Earlier this year, the Centers for Medicare & Medicaid Services (CMS) announced that it would invite medical practices to voluntarily participate in new payment models for primary care in the Medicare program. The initiative is called Primary Cares, and its goals are to reduce Medicare spending and improve both the quality of and access to primary care for Medicare beneficiaries—especially for those with complex, chronic conditions and serious illness. CMS officials believe that the new payment models could affect as many as 11 million Medicare fee-for-service beneficiaries and an estimated one in four primary care practitioners.
In light of that announcement, I invited three primary care experts from Mathematica to explain the latest push by CMS to change primary care through new payment models. My guests are Jeffrey Ballou, Eugene Rich, and Julie Schilz, who have the combined experience and expertise of a health economist, a general internist, a medical practice leader, a registered nurse, and a former senior executive at a national health insurance company.

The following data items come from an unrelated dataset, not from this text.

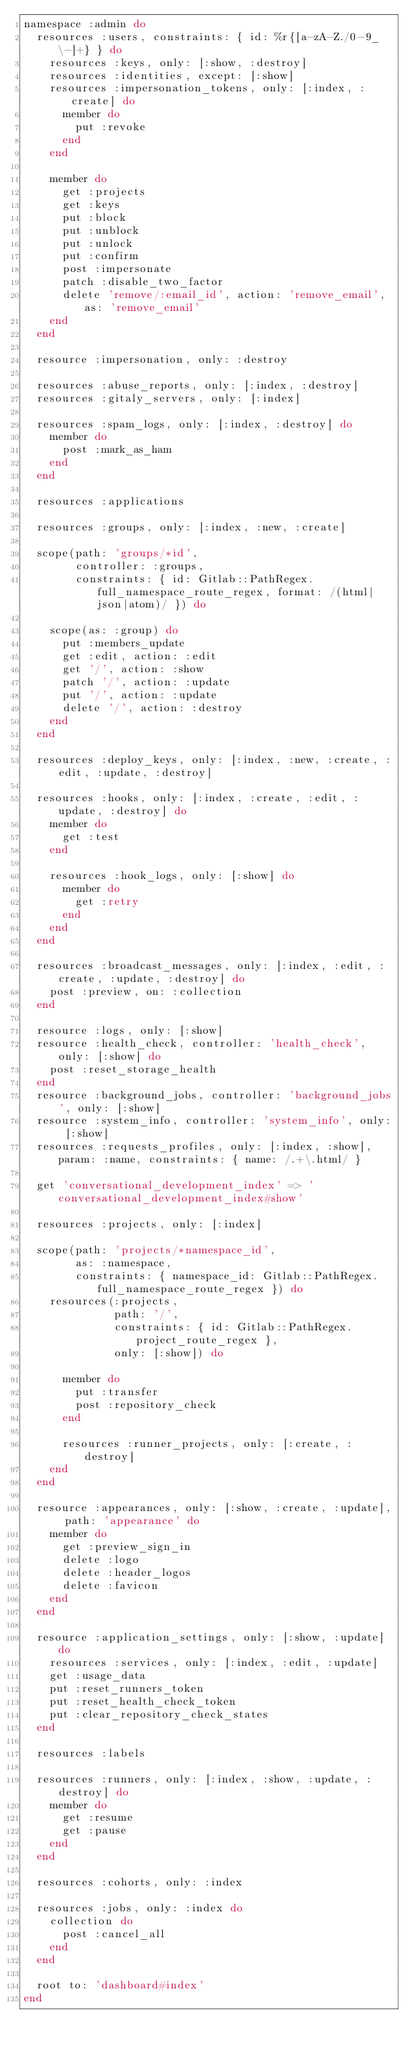Convert code to text. <code><loc_0><loc_0><loc_500><loc_500><_Ruby_>namespace :admin do
  resources :users, constraints: { id: %r{[a-zA-Z./0-9_\-]+} } do
    resources :keys, only: [:show, :destroy]
    resources :identities, except: [:show]
    resources :impersonation_tokens, only: [:index, :create] do
      member do
        put :revoke
      end
    end

    member do
      get :projects
      get :keys
      put :block
      put :unblock
      put :unlock
      put :confirm
      post :impersonate
      patch :disable_two_factor
      delete 'remove/:email_id', action: 'remove_email', as: 'remove_email'
    end
  end

  resource :impersonation, only: :destroy

  resources :abuse_reports, only: [:index, :destroy]
  resources :gitaly_servers, only: [:index]

  resources :spam_logs, only: [:index, :destroy] do
    member do
      post :mark_as_ham
    end
  end

  resources :applications

  resources :groups, only: [:index, :new, :create]

  scope(path: 'groups/*id',
        controller: :groups,
        constraints: { id: Gitlab::PathRegex.full_namespace_route_regex, format: /(html|json|atom)/ }) do

    scope(as: :group) do
      put :members_update
      get :edit, action: :edit
      get '/', action: :show
      patch '/', action: :update
      put '/', action: :update
      delete '/', action: :destroy
    end
  end

  resources :deploy_keys, only: [:index, :new, :create, :edit, :update, :destroy]

  resources :hooks, only: [:index, :create, :edit, :update, :destroy] do
    member do
      get :test
    end

    resources :hook_logs, only: [:show] do
      member do
        get :retry
      end
    end
  end

  resources :broadcast_messages, only: [:index, :edit, :create, :update, :destroy] do
    post :preview, on: :collection
  end

  resource :logs, only: [:show]
  resource :health_check, controller: 'health_check', only: [:show] do
    post :reset_storage_health
  end
  resource :background_jobs, controller: 'background_jobs', only: [:show]
  resource :system_info, controller: 'system_info', only: [:show]
  resources :requests_profiles, only: [:index, :show], param: :name, constraints: { name: /.+\.html/ }

  get 'conversational_development_index' => 'conversational_development_index#show'

  resources :projects, only: [:index]

  scope(path: 'projects/*namespace_id',
        as: :namespace,
        constraints: { namespace_id: Gitlab::PathRegex.full_namespace_route_regex }) do
    resources(:projects,
              path: '/',
              constraints: { id: Gitlab::PathRegex.project_route_regex },
              only: [:show]) do

      member do
        put :transfer
        post :repository_check
      end

      resources :runner_projects, only: [:create, :destroy]
    end
  end

  resource :appearances, only: [:show, :create, :update], path: 'appearance' do
    member do
      get :preview_sign_in
      delete :logo
      delete :header_logos
      delete :favicon
    end
  end

  resource :application_settings, only: [:show, :update] do
    resources :services, only: [:index, :edit, :update]
    get :usage_data
    put :reset_runners_token
    put :reset_health_check_token
    put :clear_repository_check_states
  end

  resources :labels

  resources :runners, only: [:index, :show, :update, :destroy] do
    member do
      get :resume
      get :pause
    end
  end

  resources :cohorts, only: :index

  resources :jobs, only: :index do
    collection do
      post :cancel_all
    end
  end

  root to: 'dashboard#index'
end
</code>

Click here to listen to the full interview. You can also read edited excerpts of the interview in the following transcript.
Define primary care.
Schilz: Historically, we thought of primary care as embodying four attributes: first contact, continuous, comprehensive, and coordinated. Recently, we’ve started to add another element: person and family-centered care.
Rich: The disciplines that are most commonly referred to as primary care clinicians are general internists, family physicians, geriatricians, and pediatricians. Many nurse practitioners and physician’s assistants also provide primary care.
Why does primary care matter, both in terms of keeping people healthy and reducing medical costs?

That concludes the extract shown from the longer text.